I’m not surprised that the optimizer materialized the subquery – as I pointed out in my previous article, the choice seems to be rule-based (heuristic) rather than cost-based. What surprises me is that the cost for the default plan is not self-consistent – the optimizer seems to have lost the cost of generating the temporary table. The cost of the materialized query plan looks as if it ought to be 21 + 13 + 13 = 47. Even if the optimizer were smart enough to assume that the temporary table would be in the cache for the second scan (and therefore virtually free to access) we ought to see a cost of 21 + 13 = 34. As it is we have a cost of 25, which is 13 + 13 (or, if you check the 10053 trace file, 12.65 + 12.65, rounded).

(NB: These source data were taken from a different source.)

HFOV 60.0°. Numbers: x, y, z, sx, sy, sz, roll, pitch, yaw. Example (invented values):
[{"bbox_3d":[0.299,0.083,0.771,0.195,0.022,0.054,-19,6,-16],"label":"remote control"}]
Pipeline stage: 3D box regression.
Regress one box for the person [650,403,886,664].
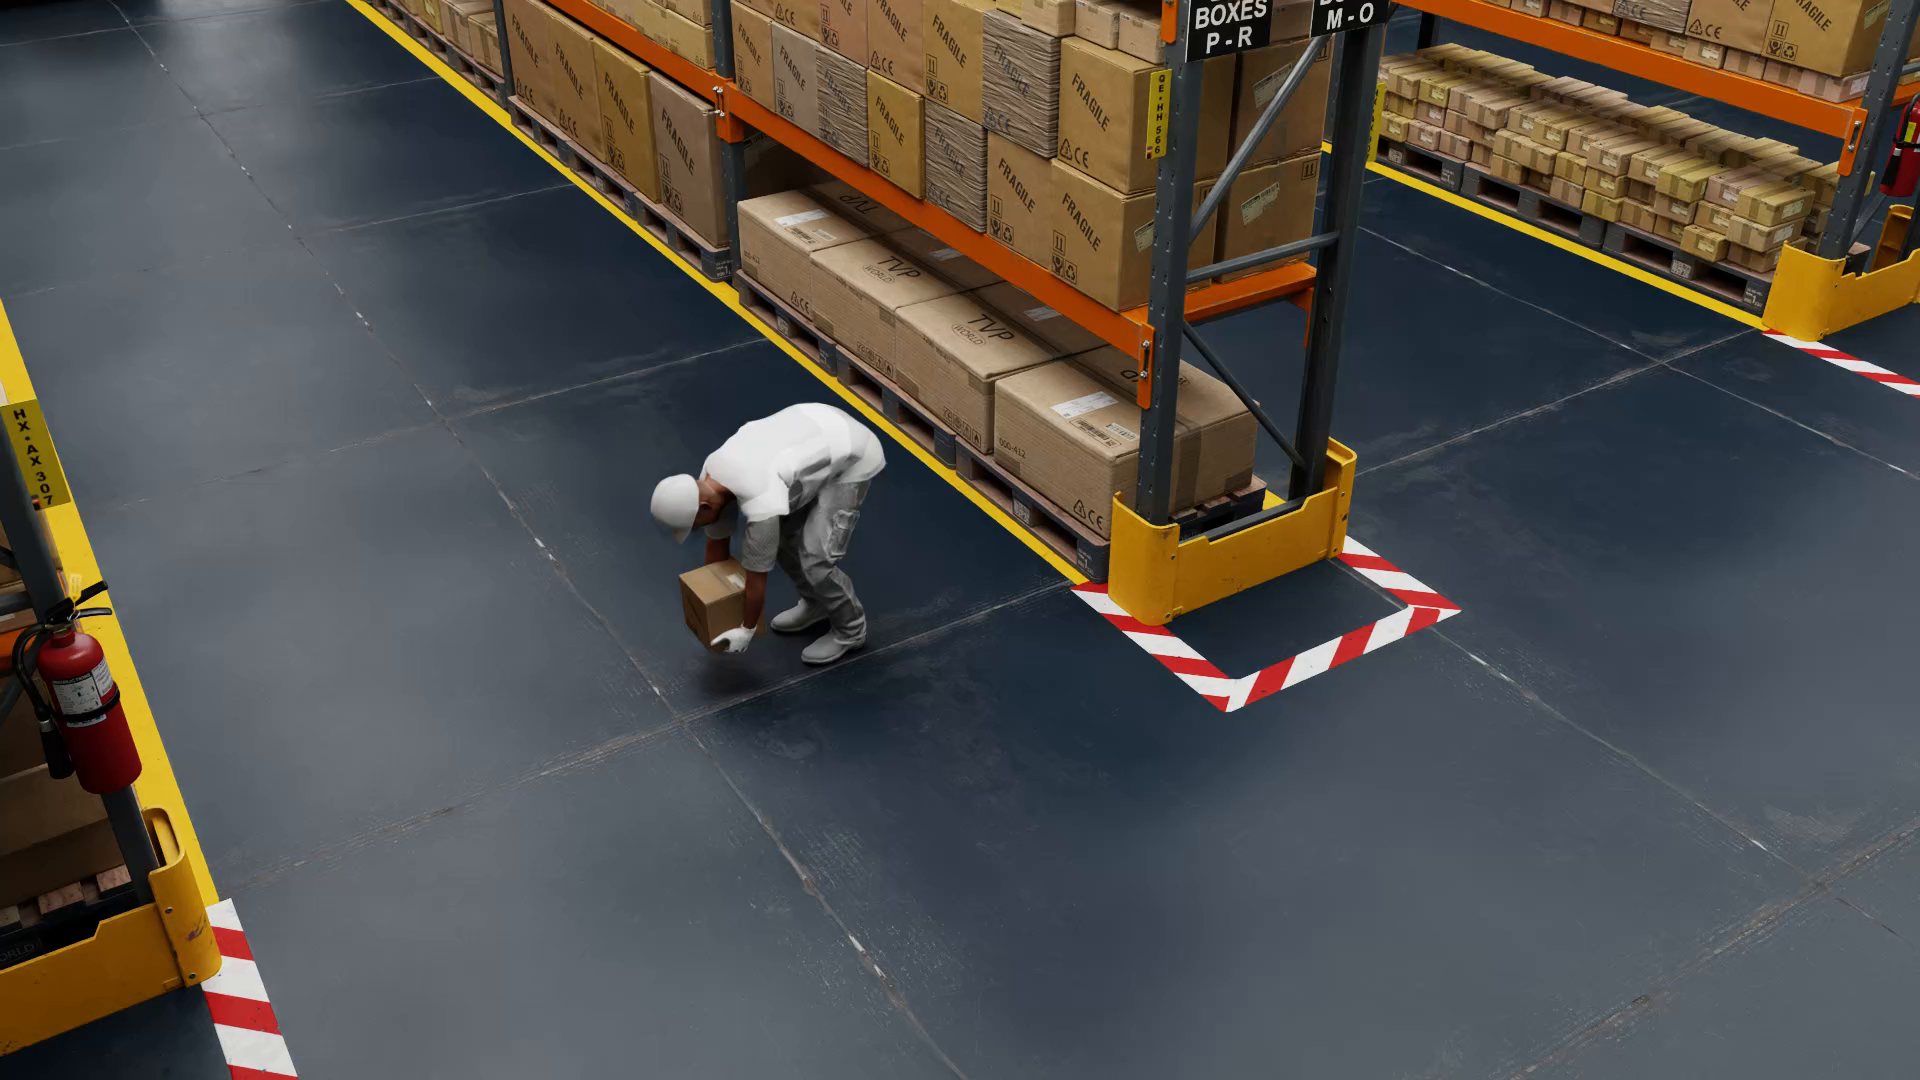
[{"bbox_3d":[-0.766,0.024,6.739,0.991,1.075,0.513,-21,38,-29],"label":"person"}]
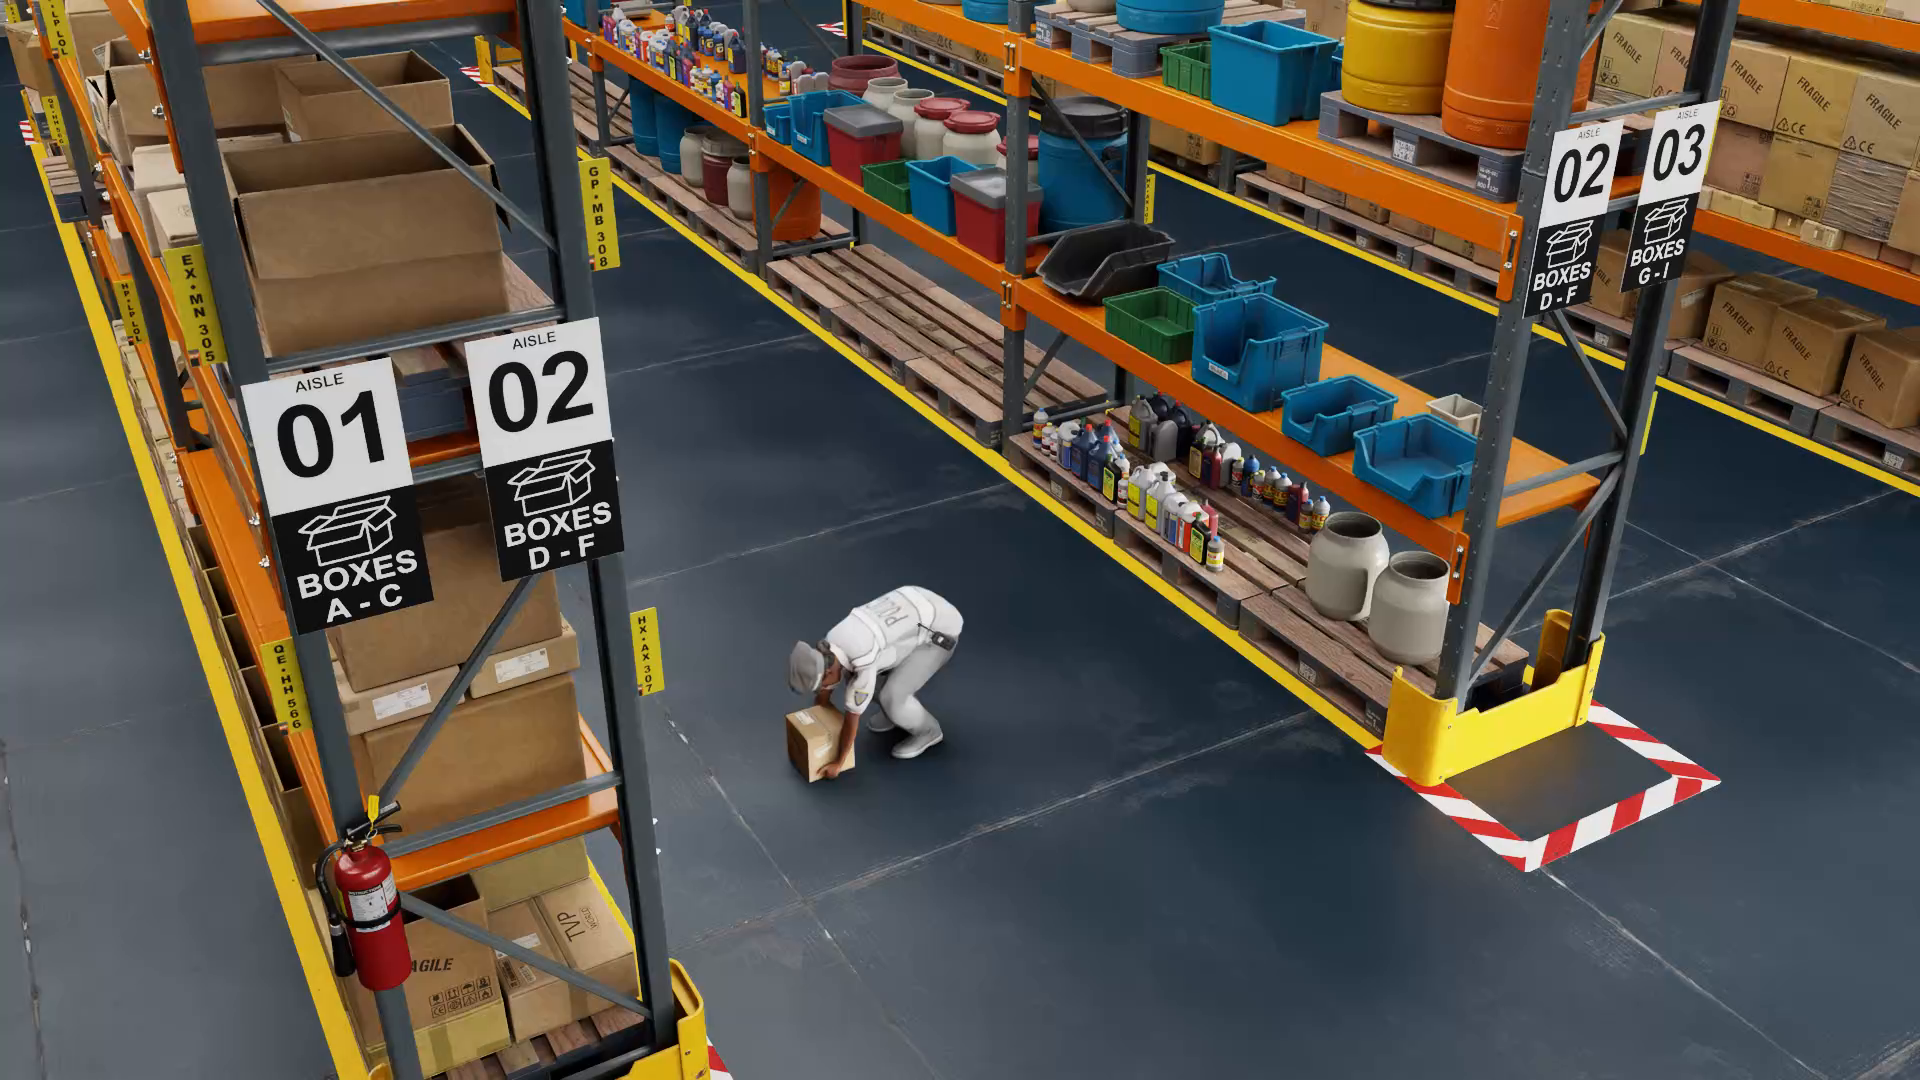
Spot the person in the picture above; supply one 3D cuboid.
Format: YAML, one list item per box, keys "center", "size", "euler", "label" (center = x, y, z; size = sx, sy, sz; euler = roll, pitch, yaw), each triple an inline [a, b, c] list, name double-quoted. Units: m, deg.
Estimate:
- center: [-0.417, 0.696, 8.211]
  size: [0.921, 0.823, 0.471]
  euler: [-17, 33, -28]
  label: "person"

Since the choice to materialize doesn’t seem to be cost-based (at present) this doesn’t really matter – but it’s always nice to see, and be able to understand, self-consistent figures in an execution plan.

Footnote

It is worth pointing out as a side note that materialization can actually be more expensive than running in-line, even for very simple examples. Subquery factoring seems to have become more robust and consistent over recent releases in terms of consistency of execution plans when the subqueries are put back inline, but you still need to think a little bit before rewriting a query for cosmetic (i.e. totally valid “readability”) reasons just to check whether the resulting query is going to produce an unexpected, and unexpectedly expensive, materialization.